El maharato enmudeció, mirándoles con los ojos dilatados por el terror.
—Vamos, habla —dijo Yáñez—. ¿Qué significa ese espanto con que nos miras? ¿Quién es ese hombre? ¿Le has visto tú también?
—¿Cómo era?
—Alto, viejo, con larga barba blanca y ojos muy negros y brillantes. Parecía que, en vez de pupilas, tenía dos carbones encendidos.
—¡Es él! ¡Es él!
—¡Explícate!
—¡Es el mismo que fue dos veces a casa de mi patrón para realizar la ceremonia del píasete, y a quien luego he visto dos veces paseando por nuestra calle, mirando siempre al palacio! ¡Sí; es alto, seco, tiene la barba blanca y los ojos que parecen llamas!
—¡Putscie! —exclamó Sandokán—. ¿Qué quiere decir eso? Explícate mejor, Kammamuri; ten en cuenta que no somos hindúes.
—Es una ceremonia que se realiza en las casas en cierta época del año, para tener propicia a la divinidad, y que consiste en rociar las habitaciones con orines y estiércol de vaca, echar flores y arroz dentro de un balde con agua y quemar mucha manteca en lámparas colocadas alrededor del recipiente.
—¿Y el manti ha realizado todas esas ceremonias en casa de tu patrón? —le preguntó Sandokán.
—Sí, señor; hace unos quince días —contestó Kammamuri—. Probablemente, es el mismo que ha venido aquí esta mañana. No me cabe duda de que es un espía de Suyodhana.
—Venía acompañado de un policía indígena.
—¡De un policía! —exclamó Kammamuri, haciendo un gesto de asombro—. ¿Desde cuándo la policía da escolta a los manti y a los bramines en sus funciones? ¡A ustedes los han engañado por partida doble!
Kammamuri esperaba una explosión de ira por parte del Tigre de Malasia; pero, por el contrario, el formidable pirata no perdió un átomo de su calma.

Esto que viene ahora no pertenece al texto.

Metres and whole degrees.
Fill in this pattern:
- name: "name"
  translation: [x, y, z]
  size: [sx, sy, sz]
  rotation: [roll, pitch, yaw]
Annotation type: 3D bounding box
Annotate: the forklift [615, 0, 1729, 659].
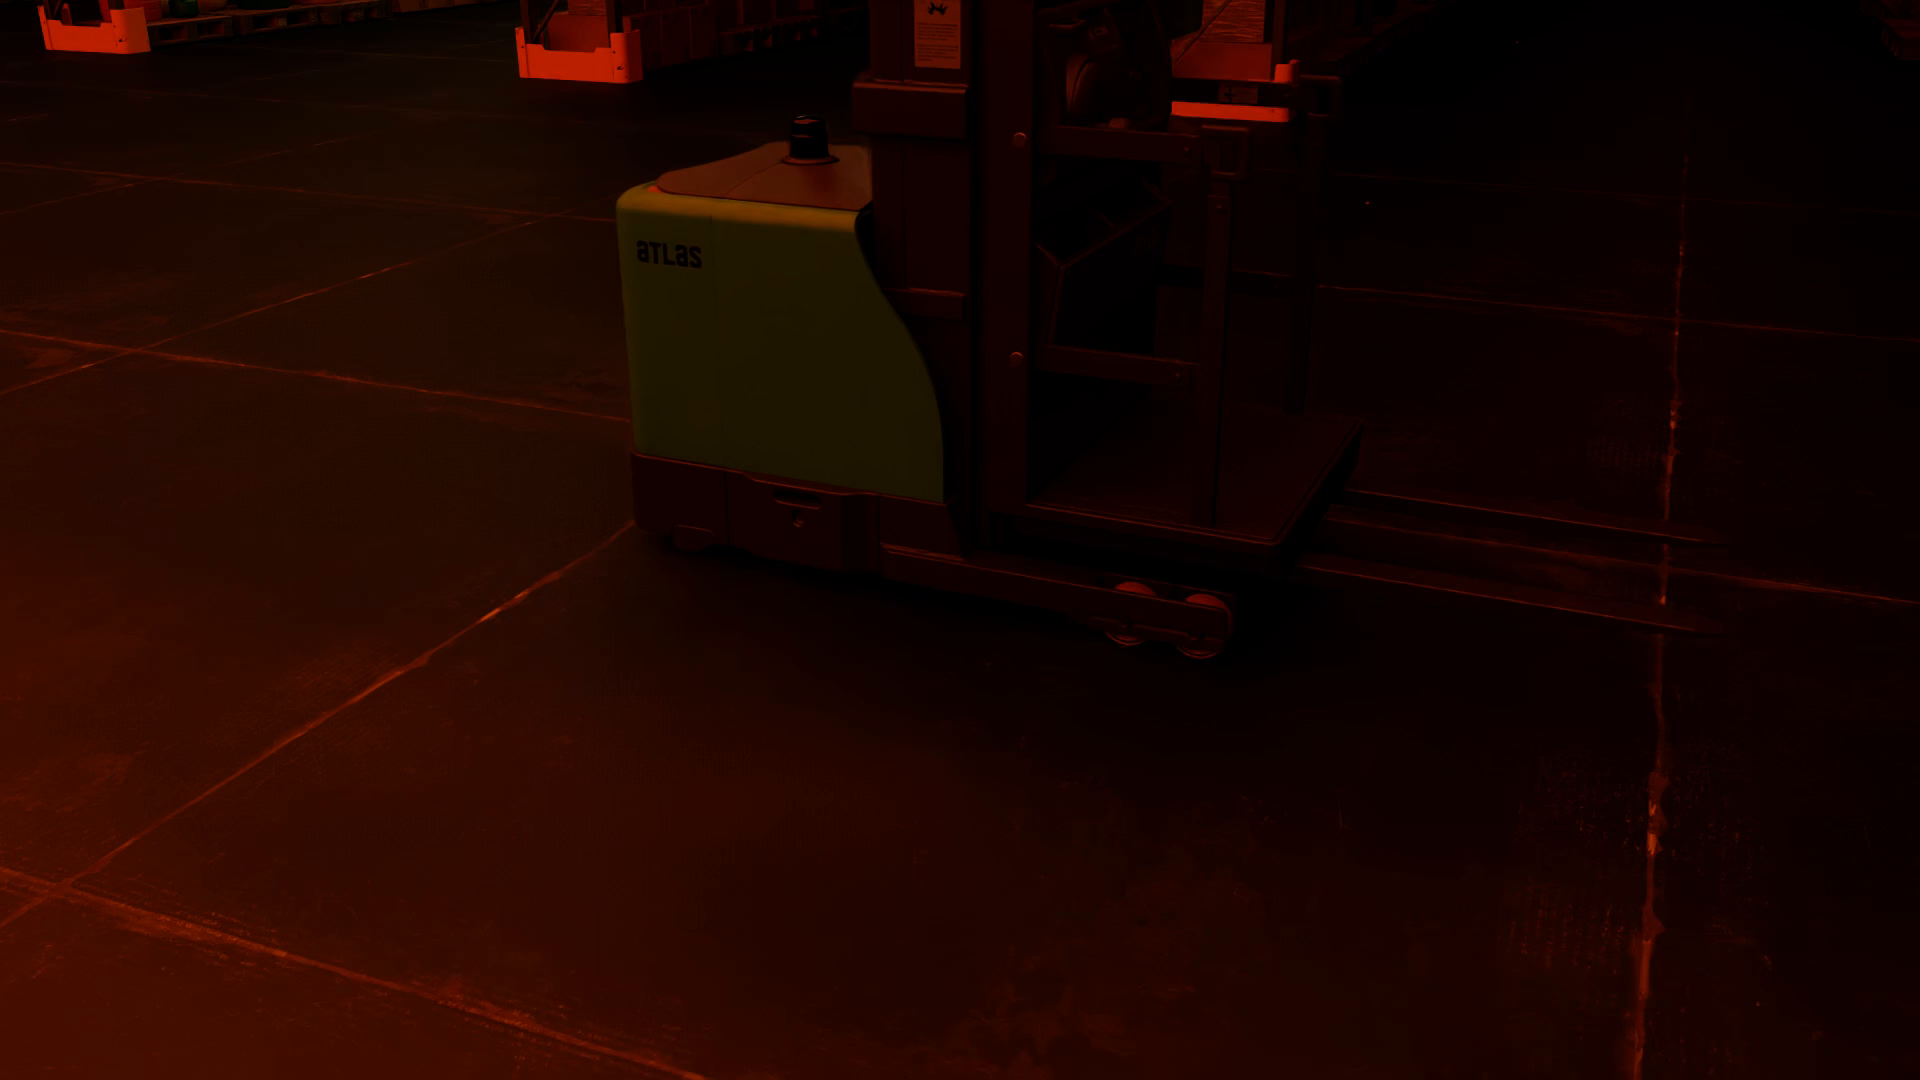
- name: "forklift"
  translation: [0.577, -1.274, 4.341]
  size: [3.031, 2.935, 1.130]
  rotation: [10, 25, 22]

Más bien parecía satisfecho y hasta contento.
—¡Perfectamente! —dijo—. ¡He aquí una burla de la cual obtendremos resultados inapreciables! ¿Reconocerías a ese hombre, mi bravo Kammamuri?
—Ahora y dentro de seis años.
—Y yo también. ¿Has traído los trajes que te había recomendado?
—Tengo cuatro cajas con trajes en el fylt-sciarra.
—¿Qué pretendes hacer, Sandokán? —preguntó Yáñez.
—El manti nos dirá si los thugs han vuelto a su antigua residencia, y si la pequeña Damna está oculta en los subterráneos de Raimangal —respondió el Tigre de Malasia—. Nos hacía falta un thug para hacerle hablar, y lo tenemos al alcance de la mano; ¡y por Alá que ha de cantar muy alto! Se trata únicamente de encontrarle, y confío en que lo lograré.
—Amigo mío, Calcuta es muy grande y muy populosa. Sería lo mismo que buscar una aguja en un pajar.
—Quizá sea menos difícil de lo que usted cree —dijo de pronto Kammamuri—. En la ciudad negra hay una pagoda dedicada a la diosa Kali, a la cual concurren los thugs, y en donde, desde hace tres días, se están celebrando fiestas en honor de Darma-Ragiae y de su esposa Drobidé. Nada me sorprendería encontrar allí a ese viejo.
—Sería una suerte —dijo Sandokán—. ¿Cuándo comienza la fiesta?
—Por la noche.
—¿Tienes que volver a casa de tu patrón?
—Le he dicho que no me esperase; además, él estará aquí antes de que amanezca. Ha decidido refugiarse en el prao para poder moverse sin que nadie le espíe.
—Quería proponérselo. Aquí estará más seguro que en su palacio; además, su presencia puede sernos necesaria —dijo Sandokán. Y añadió—: Ahora vamos a comer, y después nos disfrazaremos, para que el manti no pueda reconocernos.
Y después, recordando de pronto su encargo, preguntó:
—¿Y los elefantes?
—Ya han ido a adquirirlos varíes criados de casa. Dentro de pocos días podremos contar con ellos.
—Es preciso que no los vean los thugs; podrían sospechar que tenemos intención de ir a los junglares del Sur.
—Se les ha dado orden de que los condujeran a un bungalow que tiene mi patrón en las cercanías de Kgarí, la última aldea de los Sunderbunds.
—¡Vamos a comer, amigos; el día no ha sido perdido!